The test code resides in the tests/ directory of our chart. This is a requirement of Unittest. I won’t copy-paste the test code here, because it is too verbose. Here are scenarios we want to test:

  1. Autoscaling is disabled, thus an HPA resource is absent and the number of replicas is set to a fixed value.

  2. Autoscaling is enabled, this an HPA object is created.
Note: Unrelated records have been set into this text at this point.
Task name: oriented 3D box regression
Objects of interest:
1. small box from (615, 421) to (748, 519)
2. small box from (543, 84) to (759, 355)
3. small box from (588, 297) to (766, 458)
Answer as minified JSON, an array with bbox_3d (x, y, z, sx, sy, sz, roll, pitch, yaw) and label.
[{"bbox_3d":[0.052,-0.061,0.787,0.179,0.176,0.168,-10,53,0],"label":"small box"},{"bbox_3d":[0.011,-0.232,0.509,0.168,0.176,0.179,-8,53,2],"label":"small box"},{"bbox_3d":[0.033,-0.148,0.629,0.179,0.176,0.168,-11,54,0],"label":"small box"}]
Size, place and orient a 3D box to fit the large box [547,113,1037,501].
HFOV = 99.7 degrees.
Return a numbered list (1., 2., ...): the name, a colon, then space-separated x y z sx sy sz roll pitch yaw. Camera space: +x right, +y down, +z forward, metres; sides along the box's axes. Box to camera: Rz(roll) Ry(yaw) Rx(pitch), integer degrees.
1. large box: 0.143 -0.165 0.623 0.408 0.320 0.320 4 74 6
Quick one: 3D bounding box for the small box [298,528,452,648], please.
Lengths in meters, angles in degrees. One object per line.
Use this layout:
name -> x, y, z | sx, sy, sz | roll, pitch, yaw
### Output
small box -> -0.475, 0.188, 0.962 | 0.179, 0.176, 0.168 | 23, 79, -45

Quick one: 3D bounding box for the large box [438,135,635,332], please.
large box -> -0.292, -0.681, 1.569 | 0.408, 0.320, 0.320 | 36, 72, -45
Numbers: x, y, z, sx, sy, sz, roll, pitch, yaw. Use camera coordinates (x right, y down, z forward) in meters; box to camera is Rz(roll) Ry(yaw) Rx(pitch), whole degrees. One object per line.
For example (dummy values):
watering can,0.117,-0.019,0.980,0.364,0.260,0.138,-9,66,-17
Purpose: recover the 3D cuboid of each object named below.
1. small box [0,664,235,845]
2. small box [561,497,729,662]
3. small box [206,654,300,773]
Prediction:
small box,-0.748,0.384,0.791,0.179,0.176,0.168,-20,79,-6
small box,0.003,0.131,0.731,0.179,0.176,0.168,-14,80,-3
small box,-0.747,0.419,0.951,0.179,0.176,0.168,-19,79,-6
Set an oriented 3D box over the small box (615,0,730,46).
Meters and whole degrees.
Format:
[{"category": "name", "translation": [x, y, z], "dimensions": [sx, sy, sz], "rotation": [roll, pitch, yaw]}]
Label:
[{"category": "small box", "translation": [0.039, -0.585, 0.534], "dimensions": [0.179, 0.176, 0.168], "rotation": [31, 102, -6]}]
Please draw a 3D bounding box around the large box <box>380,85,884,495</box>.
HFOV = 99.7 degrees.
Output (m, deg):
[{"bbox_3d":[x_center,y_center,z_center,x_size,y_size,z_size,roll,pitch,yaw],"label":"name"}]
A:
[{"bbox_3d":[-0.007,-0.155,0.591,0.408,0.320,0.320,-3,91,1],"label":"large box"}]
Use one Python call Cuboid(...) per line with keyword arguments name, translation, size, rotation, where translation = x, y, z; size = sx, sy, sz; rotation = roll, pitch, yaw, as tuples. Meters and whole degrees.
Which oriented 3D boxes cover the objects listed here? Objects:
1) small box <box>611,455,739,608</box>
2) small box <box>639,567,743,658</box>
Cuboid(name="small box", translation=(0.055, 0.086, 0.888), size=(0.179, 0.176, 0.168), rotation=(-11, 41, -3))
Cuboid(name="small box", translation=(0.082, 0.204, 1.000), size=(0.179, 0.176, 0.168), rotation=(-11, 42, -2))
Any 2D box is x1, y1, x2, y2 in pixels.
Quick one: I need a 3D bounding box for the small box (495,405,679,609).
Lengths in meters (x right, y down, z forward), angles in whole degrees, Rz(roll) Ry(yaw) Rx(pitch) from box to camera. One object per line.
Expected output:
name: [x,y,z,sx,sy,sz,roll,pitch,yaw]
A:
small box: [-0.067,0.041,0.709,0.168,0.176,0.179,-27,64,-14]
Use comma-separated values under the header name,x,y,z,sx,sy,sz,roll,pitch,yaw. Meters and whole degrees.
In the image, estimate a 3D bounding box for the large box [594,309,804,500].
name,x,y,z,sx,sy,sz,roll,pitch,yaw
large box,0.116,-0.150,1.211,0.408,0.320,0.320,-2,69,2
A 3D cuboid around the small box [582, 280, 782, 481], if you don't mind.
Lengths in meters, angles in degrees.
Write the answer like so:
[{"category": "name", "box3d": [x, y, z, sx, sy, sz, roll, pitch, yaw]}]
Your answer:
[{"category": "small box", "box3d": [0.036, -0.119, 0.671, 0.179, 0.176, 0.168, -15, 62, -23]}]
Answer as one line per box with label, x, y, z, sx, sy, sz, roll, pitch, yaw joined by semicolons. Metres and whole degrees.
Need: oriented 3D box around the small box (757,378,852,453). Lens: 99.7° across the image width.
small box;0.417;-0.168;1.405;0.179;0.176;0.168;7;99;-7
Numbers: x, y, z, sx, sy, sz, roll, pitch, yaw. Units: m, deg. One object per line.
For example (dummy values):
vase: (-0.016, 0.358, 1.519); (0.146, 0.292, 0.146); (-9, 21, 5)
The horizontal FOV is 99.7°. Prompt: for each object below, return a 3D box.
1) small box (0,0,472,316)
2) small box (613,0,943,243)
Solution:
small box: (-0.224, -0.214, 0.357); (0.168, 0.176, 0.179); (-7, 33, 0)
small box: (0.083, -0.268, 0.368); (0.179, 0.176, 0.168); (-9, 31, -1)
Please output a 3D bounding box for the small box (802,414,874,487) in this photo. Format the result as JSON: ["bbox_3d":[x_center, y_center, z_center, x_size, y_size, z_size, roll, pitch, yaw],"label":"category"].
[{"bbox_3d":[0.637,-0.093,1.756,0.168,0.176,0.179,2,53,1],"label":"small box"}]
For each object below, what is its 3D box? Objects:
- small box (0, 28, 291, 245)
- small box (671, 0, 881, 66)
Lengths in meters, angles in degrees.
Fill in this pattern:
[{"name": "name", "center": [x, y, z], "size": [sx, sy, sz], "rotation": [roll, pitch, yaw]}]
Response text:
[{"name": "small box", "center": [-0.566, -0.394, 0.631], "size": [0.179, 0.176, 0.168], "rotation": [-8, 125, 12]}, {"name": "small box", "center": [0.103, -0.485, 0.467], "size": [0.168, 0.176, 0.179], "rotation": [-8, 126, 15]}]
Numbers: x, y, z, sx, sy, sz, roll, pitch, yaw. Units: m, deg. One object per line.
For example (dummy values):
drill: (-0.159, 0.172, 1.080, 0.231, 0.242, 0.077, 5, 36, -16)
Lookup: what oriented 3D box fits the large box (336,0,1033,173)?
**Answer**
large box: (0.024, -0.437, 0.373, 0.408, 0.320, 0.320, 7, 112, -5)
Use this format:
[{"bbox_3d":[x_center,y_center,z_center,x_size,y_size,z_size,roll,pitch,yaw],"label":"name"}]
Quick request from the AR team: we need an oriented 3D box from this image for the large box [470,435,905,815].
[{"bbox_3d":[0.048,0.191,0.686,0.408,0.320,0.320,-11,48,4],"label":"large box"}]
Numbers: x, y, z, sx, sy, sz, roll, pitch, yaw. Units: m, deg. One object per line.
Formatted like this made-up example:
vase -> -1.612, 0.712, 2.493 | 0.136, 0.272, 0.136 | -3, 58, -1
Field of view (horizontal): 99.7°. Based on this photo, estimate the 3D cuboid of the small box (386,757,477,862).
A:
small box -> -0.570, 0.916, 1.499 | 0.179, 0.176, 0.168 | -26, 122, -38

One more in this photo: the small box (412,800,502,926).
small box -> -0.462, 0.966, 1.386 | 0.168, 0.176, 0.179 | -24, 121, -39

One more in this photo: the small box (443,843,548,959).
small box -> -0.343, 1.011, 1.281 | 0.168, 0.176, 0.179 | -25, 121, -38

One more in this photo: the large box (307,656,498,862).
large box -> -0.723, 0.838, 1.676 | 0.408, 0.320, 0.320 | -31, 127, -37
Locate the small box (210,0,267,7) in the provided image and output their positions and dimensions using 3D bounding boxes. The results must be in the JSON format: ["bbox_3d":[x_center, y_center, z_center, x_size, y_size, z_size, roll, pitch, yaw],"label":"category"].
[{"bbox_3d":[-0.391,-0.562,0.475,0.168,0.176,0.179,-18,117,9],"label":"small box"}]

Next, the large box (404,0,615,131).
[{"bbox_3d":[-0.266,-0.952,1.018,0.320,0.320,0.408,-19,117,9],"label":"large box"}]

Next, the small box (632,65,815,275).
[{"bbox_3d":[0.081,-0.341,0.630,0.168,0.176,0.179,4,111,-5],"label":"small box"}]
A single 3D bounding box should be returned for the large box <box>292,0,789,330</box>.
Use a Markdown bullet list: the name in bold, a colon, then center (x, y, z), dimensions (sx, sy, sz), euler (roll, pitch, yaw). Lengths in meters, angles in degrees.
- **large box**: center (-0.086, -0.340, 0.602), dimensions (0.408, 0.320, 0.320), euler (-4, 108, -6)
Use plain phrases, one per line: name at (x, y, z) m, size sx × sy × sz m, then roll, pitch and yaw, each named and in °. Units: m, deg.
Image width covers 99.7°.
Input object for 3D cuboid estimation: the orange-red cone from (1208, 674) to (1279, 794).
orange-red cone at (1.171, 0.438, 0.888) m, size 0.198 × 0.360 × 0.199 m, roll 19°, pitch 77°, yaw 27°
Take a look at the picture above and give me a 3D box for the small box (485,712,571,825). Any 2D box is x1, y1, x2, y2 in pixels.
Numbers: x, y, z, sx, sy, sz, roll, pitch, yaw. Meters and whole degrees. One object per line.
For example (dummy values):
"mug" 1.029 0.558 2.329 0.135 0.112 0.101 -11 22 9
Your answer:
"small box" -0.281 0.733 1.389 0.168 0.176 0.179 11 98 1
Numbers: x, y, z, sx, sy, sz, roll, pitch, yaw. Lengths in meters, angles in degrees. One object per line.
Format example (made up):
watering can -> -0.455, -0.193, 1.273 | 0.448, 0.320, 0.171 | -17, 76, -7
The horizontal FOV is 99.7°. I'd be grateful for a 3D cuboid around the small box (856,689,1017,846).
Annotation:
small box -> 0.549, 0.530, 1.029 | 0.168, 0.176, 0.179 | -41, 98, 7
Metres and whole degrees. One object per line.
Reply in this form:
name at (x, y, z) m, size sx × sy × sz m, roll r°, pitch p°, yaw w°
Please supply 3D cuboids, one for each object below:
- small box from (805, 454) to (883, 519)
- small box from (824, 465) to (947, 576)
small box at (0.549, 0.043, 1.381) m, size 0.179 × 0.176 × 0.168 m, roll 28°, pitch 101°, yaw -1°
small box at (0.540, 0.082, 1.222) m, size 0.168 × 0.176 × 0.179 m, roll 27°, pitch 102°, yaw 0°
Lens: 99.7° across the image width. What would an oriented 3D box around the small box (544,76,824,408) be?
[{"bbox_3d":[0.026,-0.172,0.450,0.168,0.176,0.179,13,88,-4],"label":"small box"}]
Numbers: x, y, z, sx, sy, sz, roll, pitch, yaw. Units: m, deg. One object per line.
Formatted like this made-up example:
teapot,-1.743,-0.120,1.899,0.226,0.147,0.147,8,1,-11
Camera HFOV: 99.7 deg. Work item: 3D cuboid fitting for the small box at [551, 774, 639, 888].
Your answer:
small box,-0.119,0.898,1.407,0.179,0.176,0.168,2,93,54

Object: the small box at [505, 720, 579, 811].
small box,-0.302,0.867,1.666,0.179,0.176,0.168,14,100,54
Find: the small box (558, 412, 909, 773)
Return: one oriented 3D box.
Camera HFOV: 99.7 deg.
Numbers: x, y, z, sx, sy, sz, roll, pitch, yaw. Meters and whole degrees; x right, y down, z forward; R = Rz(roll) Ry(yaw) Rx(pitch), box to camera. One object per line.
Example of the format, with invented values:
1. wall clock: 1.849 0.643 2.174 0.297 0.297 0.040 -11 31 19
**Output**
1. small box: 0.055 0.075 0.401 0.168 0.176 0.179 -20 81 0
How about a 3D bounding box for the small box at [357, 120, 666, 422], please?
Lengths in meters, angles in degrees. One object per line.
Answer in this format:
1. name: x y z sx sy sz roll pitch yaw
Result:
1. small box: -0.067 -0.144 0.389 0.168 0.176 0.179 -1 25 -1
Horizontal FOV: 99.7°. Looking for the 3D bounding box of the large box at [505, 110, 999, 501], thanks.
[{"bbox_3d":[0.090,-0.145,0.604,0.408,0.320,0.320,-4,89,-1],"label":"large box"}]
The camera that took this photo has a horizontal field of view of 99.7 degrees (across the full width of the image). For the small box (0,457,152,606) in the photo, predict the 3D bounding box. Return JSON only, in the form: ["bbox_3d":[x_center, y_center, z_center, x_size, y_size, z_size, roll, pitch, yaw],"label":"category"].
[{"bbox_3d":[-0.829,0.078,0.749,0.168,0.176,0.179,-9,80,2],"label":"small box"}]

The number of replicas is not specified in the Deplyment object by default

  3. Monitoring is disabled, thus DataDog custom resource is not present

  4. Monitoring is enabled, thus the custom resource is there, and it has specific apiVersion and kind.

The configuration is pretty straightforward, but Unittest supports more complex scenarios. The only thing I found cumbersome is to work with nested lists. In such cases, we used to fall back to snapshot testing, which is also possible with this tool.

Here’s an example of a successful test run:

untt fw-demo
### Chart [ fw-demo ] fw-demo
 PASS  fw-demo  fw-demo/tests/deployment_test.yaml
 PASS  fw-demo  fw-demo/tests/monitoring_test.yaml
Charts:      1 passed, 1 total
Test Suites: 2 passed, 2 total
Tests:       6 passed, 6 total
Snapshot:    0 passed, 0 total
Time:        13.164702ms

Bringing it all together

It’s straightforward to bring all these pieces together under a single CI job that would validate your Helm charts before they hit production. I even automated it all in a Makefile.

Despite I execute all the commands using local binaries, it is also possible to run all these things in Docker for greater portability. This is actually how we used to run this test suite in the real world scenario. I decided to drop the Docker part for the demo, because it is not that relevant.

I hope you enjoyed this little read, and I hope you could take away some ideas on how to make your Helm charts more bulletproof!